== EXERCISE PROMPT ==
Lines from the listing that hold the string "Splash" are what you should return.

===== TASK MATERIAL =====

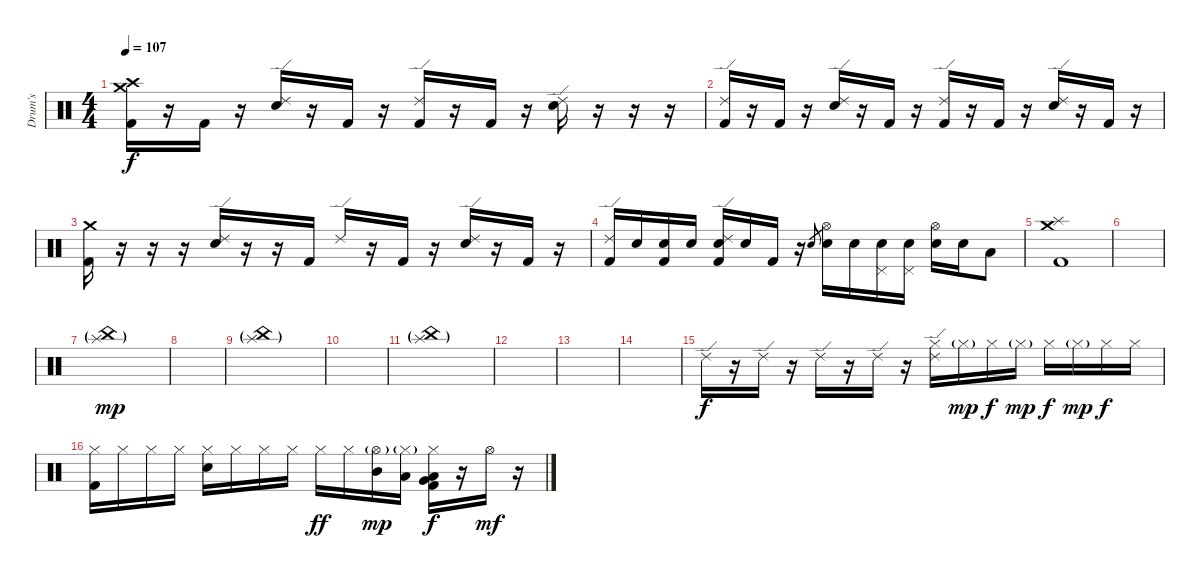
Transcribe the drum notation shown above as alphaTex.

\track ("Drum's" "Drum's") {instrument percussion}
\staff {score}
\articulation defaults
\ts (4 4)
\tempo 107
\clef neutral
\ks c
("Crash medium (hit)" "Crash high (hit)" "Kick (hit) 2").16{dy f} r.16 "Kick (hit) 2".16 r.16 ("Ride (edge) 2" "Snare (hit) 2").16 r.16 "Kick (hit) 2".16 r.16 ("Ride (edge) 2" "Kick (hit) 2").16 r.16 "Kick (hit) 2".16 r.16 ("Ride (edge) 2" "Snare (hit) 2").16 r.16 r.16 r.16 |
("Ride (edge) 2" "Kick (hit) 2").16 r.16 "Kick (hit) 2".16 r.16 ("Ride (edge) 2" "Snare (hit) 2").16 r.16 "Kick (hit) 2".16 r.16 ("Ride (edge) 2" "Kick (hit) 2").16 r.16 "Kick (hit) 2".16 r.16 ("Ride (edge) 2" "Snare (hit) 2").16 r.16 "Kick (hit) 2".16 r.16 |
("Crash medium (hit)" "Kick (hit) 2").16 r.16 r.16 r.16 ("Ride (edge) 2" "Snare (hit) 2").16 r.16 r.16 "Kick (hit) 2".16 "Ride (edge) 2".16 r.16 "Kick (hit) 2".16 r.16 ("Ride (edge) 2" "Snare (hit) 2").16 r.16 "Kick (hit) 2".16 r.16 |
("Ride (edge) 2" "Kick (hit) 2").16 "Snare (hit) 2".16 ("Snare (hit) 2" "Kick (hit) 2").16 "Snare (hit) 2".16 ("Ride (edge) 2" "Snare (hit) 2" "Kick (hit) 2").16 "Snare (hit) 2".16 "Kick (hit) 2".16 r.16 "Snare (hit) 2".8{gr} ("Hi-Hat (open)" "Snare (hit) 2").16 "Snare (hit) 2".16 ("Pedal Hi-Hat (hit)" "Snare (hit) 2").16 ("Pedal Hi-Hat (hit)" "Snare (hit) 2").16 ("Hi-Hat (open)" "Snare (hit) 2").16 "Snare (hit) 2".16 "Low Floor Tom (hit)".8 |
("Crash medium (hit)" "Splash (hit)" "Kick (hit) 2").1 |
|
("Splash (hit)"{g} "China (hit)"{g}).1{dy mp} |
|
("Splash (hit)"{g} "China (hit)"{g}).1 |
|
("Splash (hit)"{g} "China (hit)"{g}).1 |
|
|
|
"Ride (edge) 2".16{dy f volume 12} r.16 "Ride (edge) 2".16 r.16 "Ride (edge) 2".16 r.16 "Ride (edge) 2".16 r.16 ("Hi-Hat (closed)" "Ride (edge) 2").16 "Hi-Hat (closed)"{g}.16{dy mp} "Hi-Hat (closed)".16{dy f} "Hi-Hat (closed)"{g}.16{dy mp} "Hi-Hat (closed)".16{dy f} "Hi-Hat (closed)"{g}.16{dy mp} "Hi-Hat (closed)".16{dy f} "Hi-Hat (closed)".16 |
("Hi-Hat (closed)" "Kick (hit) 2").16 "Hi-Hat (closed)".16 "Hi-Hat (closed)".16 "Hi-Hat (closed)".16 ("Hi-Hat (closed)" "Snare (hit) 2").16 "Hi-Hat (closed)".16 "Hi-Hat (closed)".16 "Hi-Hat (closed)".16 "Hi-Hat (closed)".16{dy ff} "Hi-Hat (closed)".16 ("Hi-Hat (open)"{g} "Mid Tom (hit)").16{dy mp} ("Hi-Hat (closed)"{g} "Low Tom (hit)").16 ("Hi-Hat (closed)" "Very Low Tom (hit)" "Low Floor Tom (hit)" "Kick (hit) 2").16{dy f} r.16 "Hi-Hat (open)".16{dy mf} r.16

=====

== TASK RESPONSE ==
("Crash medium (hit)" "Splash (hit)" "Kick (hit) 2").1 |
("Splash (hit)"{g} "China (hit)"{g}).1{dy mp} |
("Splash (hit)"{g} "China (hit)"{g}).1 |
("Splash (hit)"{g} "China (hit)"{g}).1 |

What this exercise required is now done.